If we go with your idea of doing backups in a loop, then we'll need to be a little fancier about space management as the smaller filesystems will generate several snapshots per day - including possibly have variably-sized snapshots and resizing since we can't do terabyte-sized snapshots dozens of times per day.

coren moved this task from To Do to Doing on the Labs-Sprint-107 board.Jul 27 2015, 5:34 PM

Change 227462 had a related patch set uploaded (by coren):
Add manage-snapshots script

https://gerrit.wikimedia.org/r/227462

coren claimed this task.Jul 28 2015, 3:49 PM
coren moved this task from Doing to Code Review / Blocked on the Labs-Sprint-107 board.

Change 227462 merged by coren:
Add cleanup-snapshots script

https://gerrit.wikimedia.org/r/227462

So remaining steps are:

  • Find a way to monitor script failure
  • Find a way to monitor script hasn't run in X hours
  • Make sure that the previous two work (by having them fail)
  • Add systemd timers to run the scripts at schedules.

@coren says we can find out if the script failed or succeeded and the time from systemd itself.
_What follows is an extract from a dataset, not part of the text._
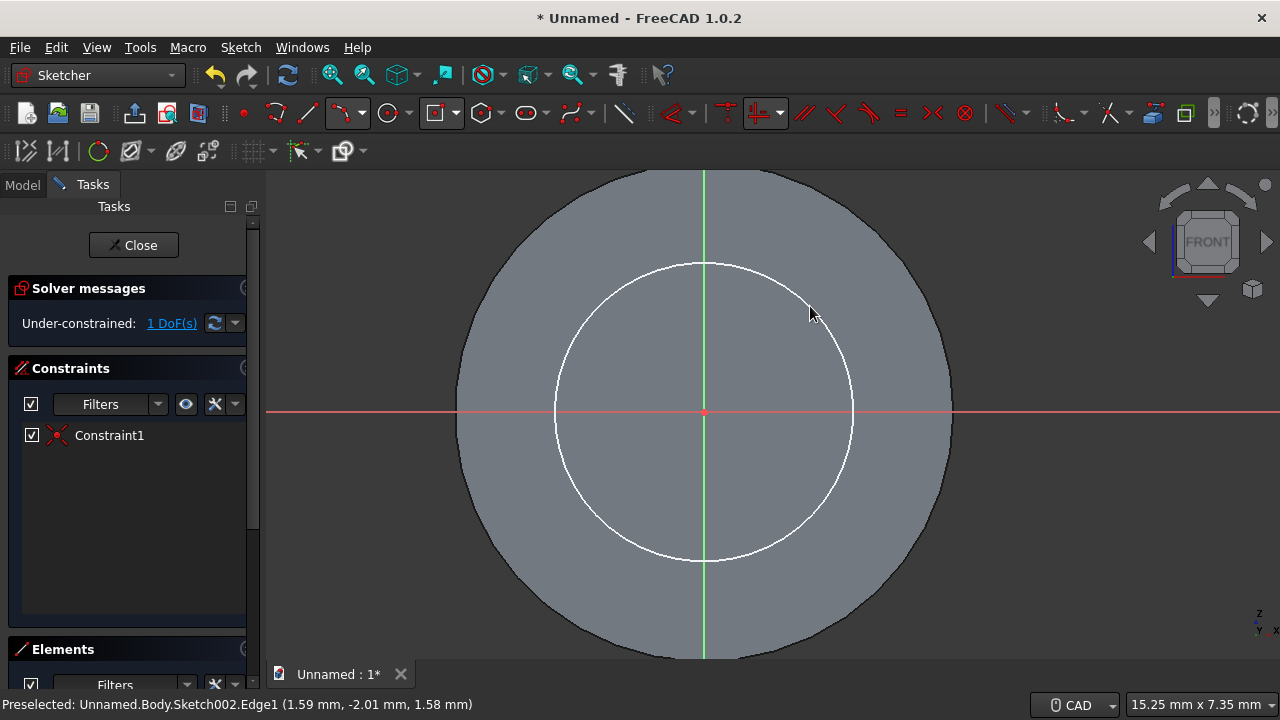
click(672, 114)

Now to write an nrpe check for it...

coren closed this task as Resolved.Aug 3 2015, 5:37 PM

Considered resolved since the reinstall is the validation (T107574)

coren reopened this task as Open.Aug 3 2015, 5:38 PM

Blah. confused two tickets.

coren moved this task from To Do to Code Review / Blocked on the Labs-Sprint-108 board.

Change 230569 had a related patch set uploaded (by coren):
labstore: add timers for backups

https://gerrit.wikimedia.org/r/230569

Change 230569 merged by coren:
labstore: add timers for backups

https://gerrit.wikimedia.org/r/230569

coren closed this task as Resolved.Aug 12 2015, 1:19 PM

The backups, they are run.